RECORD SET START

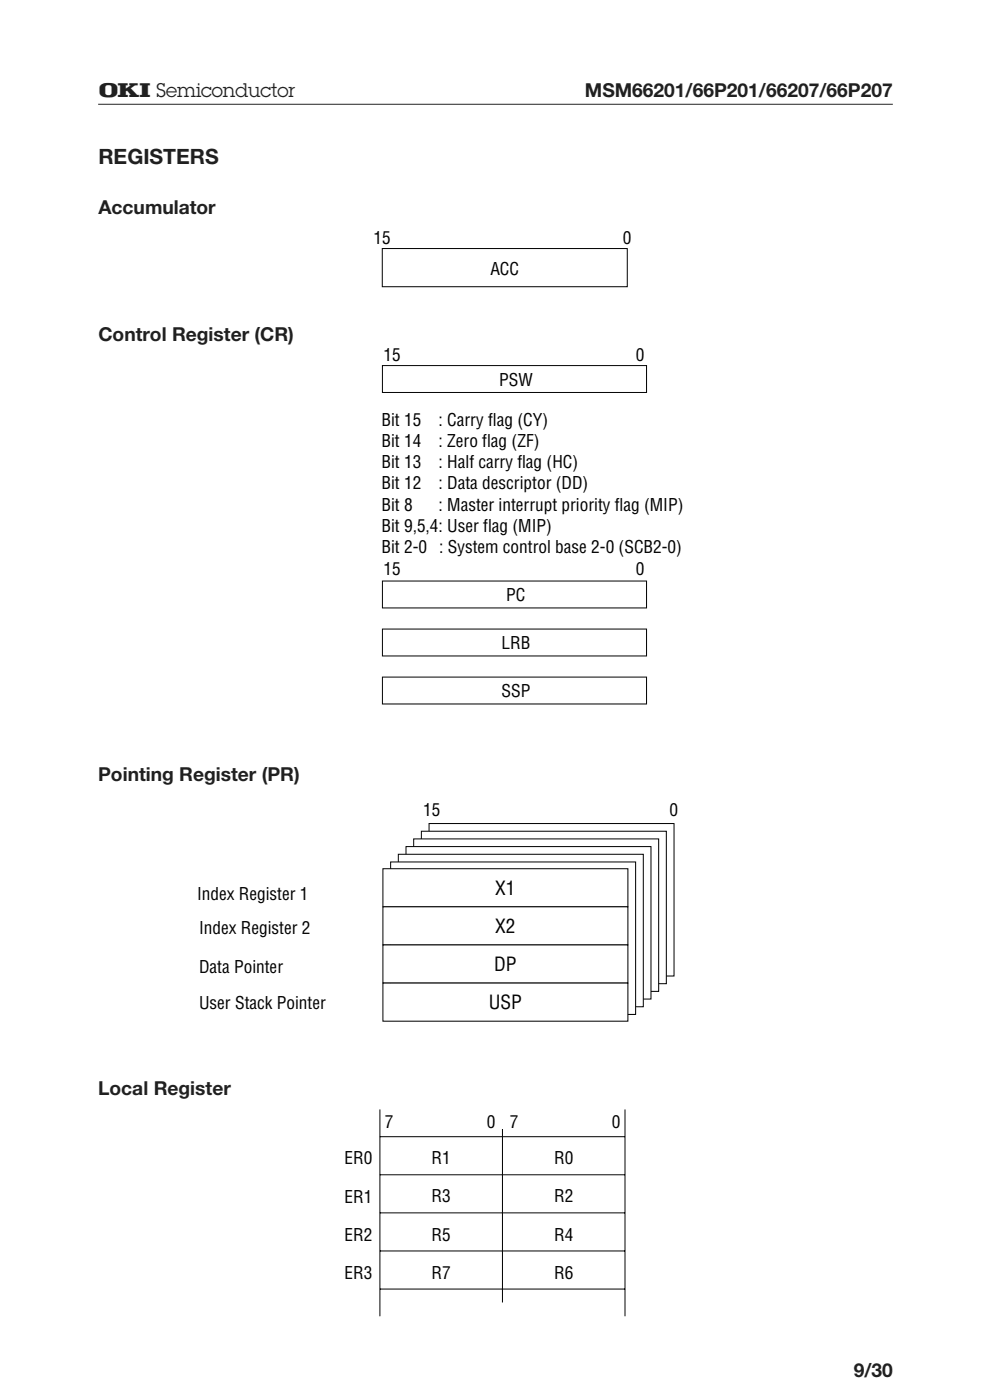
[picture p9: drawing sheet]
<svg xmlns="http://www.w3.org/2000/svg" width="182mm" height="257mm" viewBox="0 0 182 257" stroke-linecap="round" stroke-linejoin="round" font-family="sans-serif">
<defs><g id="words">
<text font-size="3.9" fill="#231f20" x="18.1" y="30.2">REGISTERS</text>
<g font-size="3.5" fill="#231f20">
<text x="18.2" y="17.9">¡ Semiconductor</text>
<text x="107.4" y="17.9">MSM66201/66P201/66207/66P207</text>
<text x="18.1" y="39.3">Accumulator</text>
<text x="18.1" y="62.7">Control Register (CR)</text>
<text x="18" y="143.5">Pointing Register (PR)</text>
<text x="18" y="201.1">Local Register</text>
<text x="156.8" y="252.9">9/30</text>
</g>
<g font-size="3.5">
<text x="91" y="164.4">X1</text>
<text x="91" y="171.4">X2</text>
<text x="90.8" y="178.4">DP</text>
<text x="89.8" y="185.4">USP</text>
</g>
<g font-size="3.2">
<text x="68.6" y="44.9">15</text>
<text x="114.4" y="44.9">0</text>
<text x="90.1" y="50.5">ACC</text>
<text x="70.4" y="66.3">15</text>
<text x="91.7" y="70.9">PSW</text>
<text x="116.8" y="66.3">0</text>
<text x="70.1" y="78.3">Bit 15</text>
<text x="70.1" y="82.2">Bit 14</text>
<text x="80.6" y="78.3">: Carry flag (CY)</text>
<text x="80.6" y="82.2">: Zero flag (ZF)</text>
<text x="70.1" y="86">Bit 13</text>
<text x="70.1" y="89.9">Bit 12</text>
<text x="80.6" y="86">: Half carry flag (HC)</text>
<text x="80.6" y="89.9">: Data descriptor (DD)</text>
<text x="70.1" y="93.8">Bit 8</text>
<text x="80.6" y="93.8">: Master interrupt priority flag (MIP)</text>
<text x="70.1" y="97.7">Bit 9,5,4: User flag (MIP)</text>
<text x="70.1" y="101.6">Bit 2-0 : System control base 2-0 (SCB2-0)</text>
<text x="70.4" y="105.7">15</text>
<text x="116.8" y="105.7">0</text>
<text x="93" y="110.4">PC</text>
<text x="92.1" y="119.3">LRB</text>
<text x="92.1" y="128.1">SSP</text>
<text x="77.7" y="149.9">15</text>
<text x="123" y="149.9">0</text>
<text x="36.2" y="165.2">Index Register 1</text>
<text x="36.6" y="171.6">Index Register 2</text>
<text x="36.6" y="178.6">Data Pointer</text>
<text x="36.6" y="185.4">User Stack Pointer</text>
<text x="70.7" y="207.2">7</text>
<text x="89.4" y="207.2">0</text>
<text x="93.7" y="207.2">7</text>
<text x="112.4" y="207.2">0</text>
<text x="63.3" y="213.9">ER0</text>
<text x="79.3" y="213.9">R1</text>
<text x="101.8" y="213.9">R0</text>
<text x="63.3" y="220.9">ER1</text>
<text x="79.3" y="220.9">R3</text>
<text x="101.8" y="220.9">R2</text>
<text x="63.3" y="227.9">ER2</text>
<text x="79.3" y="227.9">R5</text>
<text x="101.8" y="227.9">R4</text>
<text x="63.3" y="234.9">ER3</text>
<text x="79.3" y="234.9">R7</text>
<text x="101.8" y="234.9">R6</text>
</g>
</g></defs>
<path d="M18 19.2h146" fill="none" stroke="#231f20" stroke-width=".18"/>
<path d="M70.2 45.7h45v7h-45zM70.2 67.2h48.6v4.9h-48.6zM70.2 106.7h48.6v5h-48.6zM70.2 115.6h48.6v4.9h-48.6zM70.2 124.4h48.6v4.9h-48.6z" fill="none" stroke="#000" stroke-width=".18"/>
<g fill="#fff" stroke="#000" stroke-width=".18">
<path d="M78.8 151.3h45v28h-45z"/>
<path d="M77.4 152.7h45v28h-45z"/>
<path d="M76 154.1h45v28h-45z"/>
<path d="M74.6 155.5h45v28h-45z"/>
<path d="M73.2 156.9h45v28h-45z"/>
<path d="M71.8 158.3h45v28h-45z"/>
<path d="M70.3 159.6h45v7h-45z"/>
<path d="M70.3 166.6h45v7h-45z"/>
<path d="M70.3 173.6h45v7h-45z"/>
<path d="M70.3 180.6h45v7h-45z"/>
</g>
<path d="M69.8 208.8h45M69.8 215.8h45M69.8 203.8v38M92.3 207.4v31.9M114.8 203.8v38M69.8 236.8h45M69.8 222.8h45M69.8 229.8h45" fill="none" stroke="#000" stroke-width=".18"/>
<use href="#words"/>
</svg>

RECORD SET END

▸ WHAT YOU HAVE TO DO: Write the records above out again exactly, with no pictures in your copy.

▸ OUTPUT FOR THIS TASK:
[picture p9: drawing sheet]
<svg xmlns="http://www.w3.org/2000/svg" width="182mm" height="257mm" viewBox="0 0 182 257" stroke-linecap="round" stroke-linejoin="round" font-family="sans-serif">
<defs><g id="words">
<text font-size="3.9" fill="#231f20" x="18.1" y="30.2">REGISTERS</text>
<g font-size="3.5" fill="#231f20">
<text x="18.2" y="17.9">¡ Semiconductor</text>
<text x="107.4" y="17.9">MSM66201/66P201/66207/66P207</text>
<text x="18.1" y="39.3">Accumulator</text>
<text x="18.1" y="62.7">Control Register (CR)</text>
<text x="18" y="143.5">Pointing Register (PR)</text>
<text x="18" y="201.1">Local Register</text>
<text x="156.8" y="252.9">9/30</text>
</g>
<g font-size="3.5">
<text x="91" y="164.4">X1</text>
<text x="91" y="171.4">X2</text>
<text x="90.8" y="178.4">DP</text>
<text x="89.8" y="185.4">USP</text>
</g>
<g font-size="3.2">
<text x="68.6" y="44.9">15</text>
<text x="114.4" y="44.9">0</text>
<text x="90.1" y="50.5">ACC</text>
<text x="70.4" y="66.3">15</text>
<text x="91.7" y="70.9">PSW</text>
<text x="116.8" y="66.3">0</text>
<text x="70.1" y="78.3">Bit 15</text>
<text x="70.1" y="82.2">Bit 14</text>
<text x="80.6" y="78.3">: Carry flag (CY)</text>
<text x="80.6" y="82.2">: Zero flag (ZF)</text>
<text x="70.1" y="86">Bit 13</text>
<text x="70.1" y="89.9">Bit 12</text>
<text x="80.6" y="86">: Half carry flag (HC)</text>
<text x="80.6" y="89.9">: Data descriptor (DD)</text>
<text x="70.1" y="93.8">Bit 8</text>
<text x="80.6" y="93.8">: Master interrupt priority flag (MIP)</text>
<text x="70.1" y="97.7">Bit 9,5,4: User flag (MIP)</text>
<text x="70.1" y="101.6">Bit 2-0 : System control base 2-0 (SCB2-0)</text>
<text x="70.4" y="105.7">15</text>
<text x="116.8" y="105.7">0</text>
<text x="93" y="110.4">PC</text>
<text x="92.1" y="119.3">LRB</text>
<text x="92.1" y="128.1">SSP</text>
<text x="77.7" y="149.9">15</text>
<text x="123" y="149.9">0</text>
<text x="36.2" y="165.2">Index Register 1</text>
<text x="36.6" y="171.6">Index Register 2</text>
<text x="36.6" y="178.6">Data Pointer</text>
<text x="36.6" y="185.4">User Stack Pointer</text>
<text x="70.7" y="207.2">7</text>
<text x="89.4" y="207.2">0</text>
<text x="93.7" y="207.2">7</text>
<text x="112.4" y="207.2">0</text>
<text x="63.3" y="213.9">ER0</text>
<text x="79.3" y="213.9">R1</text>
<text x="101.8" y="213.9">R0</text>
<text x="63.3" y="220.9">ER1</text>
<text x="79.3" y="220.9">R3</text>
<text x="101.8" y="220.9">R2</text>
<text x="63.3" y="227.9">ER2</text>
<text x="79.3" y="227.9">R5</text>
<text x="101.8" y="227.9">R4</text>
<text x="63.3" y="234.9">ER3</text>
<text x="79.3" y="234.9">R7</text>
<text x="101.8" y="234.9">R6</text>
</g>
</g></defs>
<path d="M18 19.2h146" fill="none" stroke="#231f20" stroke-width=".18"/>
<path d="M70.2 45.7h45v7h-45zM70.2 67.2h48.6v4.9h-48.6zM70.2 106.7h48.6v5h-48.6zM70.2 115.6h48.6v4.9h-48.6zM70.2 124.4h48.6v4.9h-48.6z" fill="none" stroke="#000" stroke-width=".18"/>
<g fill="#fff" stroke="#000" stroke-width=".18">
<path d="M78.8 151.3h45v28h-45z"/>
<path d="M77.4 152.7h45v28h-45z"/>
<path d="M76 154.1h45v28h-45z"/>
<path d="M74.6 155.5h45v28h-45z"/>
<path d="M73.2 156.9h45v28h-45z"/>
<path d="M71.8 158.3h45v28h-45z"/>
<path d="M70.3 159.6h45v7h-45z"/>
<path d="M70.3 166.6h45v7h-45z"/>
<path d="M70.3 173.6h45v7h-45z"/>
<path d="M70.3 180.6h45v7h-45z"/>
</g>
<path d="M69.8 208.8h45M69.8 215.8h45M69.8 203.8v38M92.3 207.4v31.9M114.8 203.8v38M69.8 236.8h45M69.8 222.8h45M69.8 229.8h45" fill="none" stroke="#000" stroke-width=".18"/>
<use href="#words"/>
</svg>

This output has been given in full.